Many centuries ago two great Greek philosophers, Aristotle and Plato, predicted that the time would come when the tools of wealth production--machinery--would have reached such an advanced stage of development that it would become unnecessary to enslave anybody for the sake of allowing any one class to devote itself to the pursuit of culture. These great philosophers believed in slavery during that period of the world’s development in which they lived, on the ground that only by the exploitation of forced labour could any class be left free to develop the higher attributes of mankind. Yet both looked forward to the time when, in the progress of humanity toward the ideal, the perfection of methods would permit the emancipation of all mankind.
Aristotle and Plato were no visionaries. Their dreams, so far as the methods are concerned, are to-day realities; but, alas, how different the result! Instead of emancipation we have welded about the necks of the people the chains of industrial slavery. It is true that the form of slavery, the direct exploitation of the bodies of men, has been wiped out in every civilized nation; but is it not equally true that since our own great struggle for freedom from the pollution of chattel slavery we have but stepped out of a process of direct exploitation of a few enchained slaves into a process far more expansive and embracing far more people, namely, the indirect exploitation of wage workers for the benefit of capital?
The fruit of the genius of the inventors of the world is plucked not by the hands of the workers, but by the hands of the comparatively small and personally insignificant class who, by virtue of the genius of their fathers, or by virtue of mere chance, administer the tremendous power of capital.
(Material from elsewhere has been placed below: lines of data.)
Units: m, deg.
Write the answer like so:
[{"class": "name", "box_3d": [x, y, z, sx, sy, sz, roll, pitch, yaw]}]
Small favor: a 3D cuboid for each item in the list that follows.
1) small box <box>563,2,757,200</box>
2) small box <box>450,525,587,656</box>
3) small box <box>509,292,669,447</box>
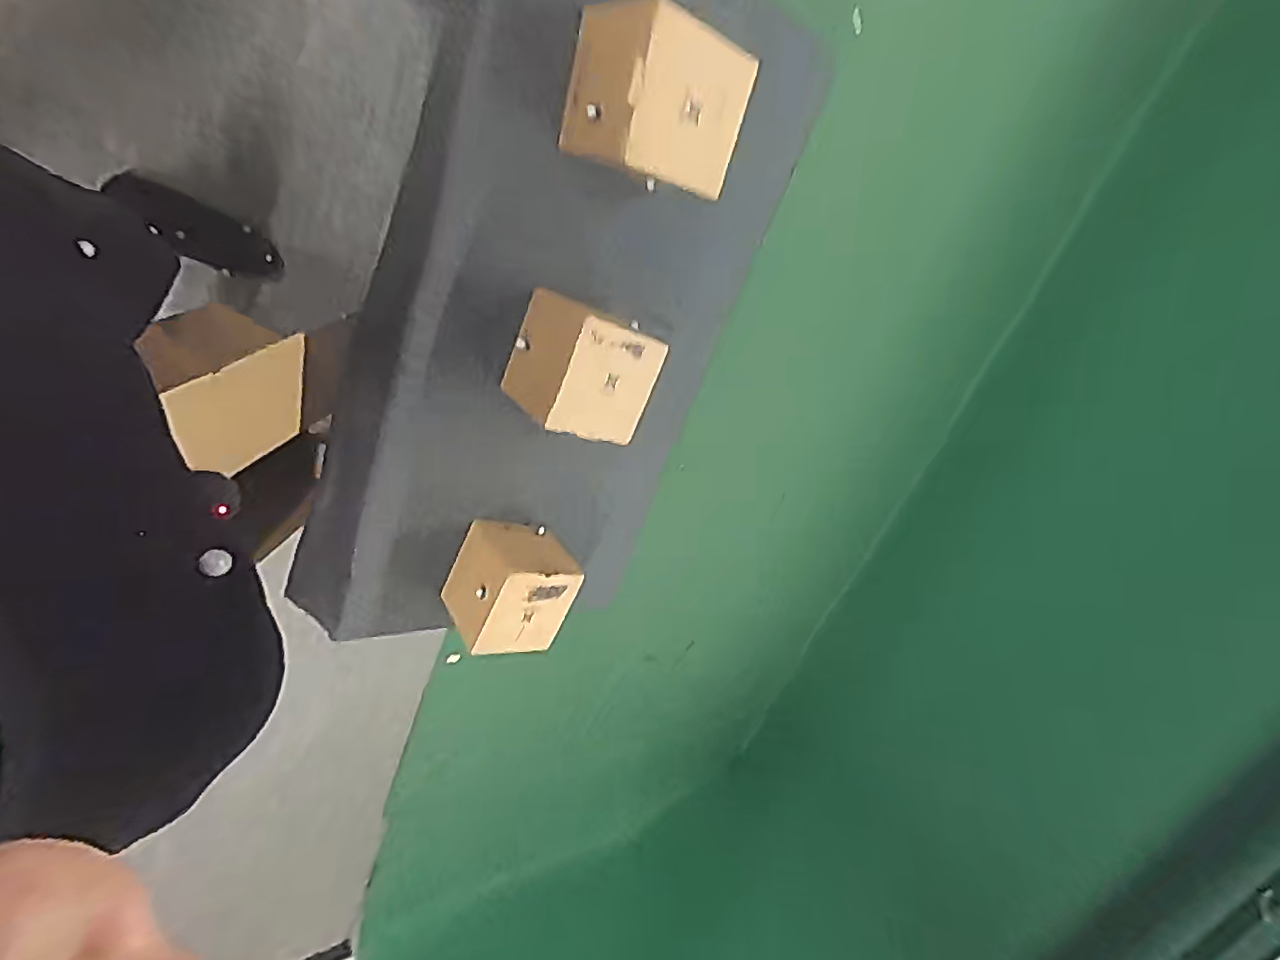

The evolution of the ages, then, has brought about this strangely ironical condition. Humanity is face to face with a God-given opportunity to acquire and apply knowledge. The wealth producing machinery of the world has the capacity to give to all men the opportunity of enjoying leisure. Knowledge and culture are the proper birthright of humanity to-day. Even in the face of obstacles, knowledge and culture spread among the people. Only one great obstacle remained to block the fulfillment of the prophecy of the great philosophers. That obstacle is the idle rich. It is the leisure class that to-day destroys the spirit of our dream.
It cannot be for long. We in America are moving fast toward social revolution. Conflicts between labour and capital are assuming the proportions of civil war. The once powerful middle class, which is the safety of every nation, is to-day weak, and is every day declining. Soon, politically it will be a memory, and the battle field will be cleared for conflict.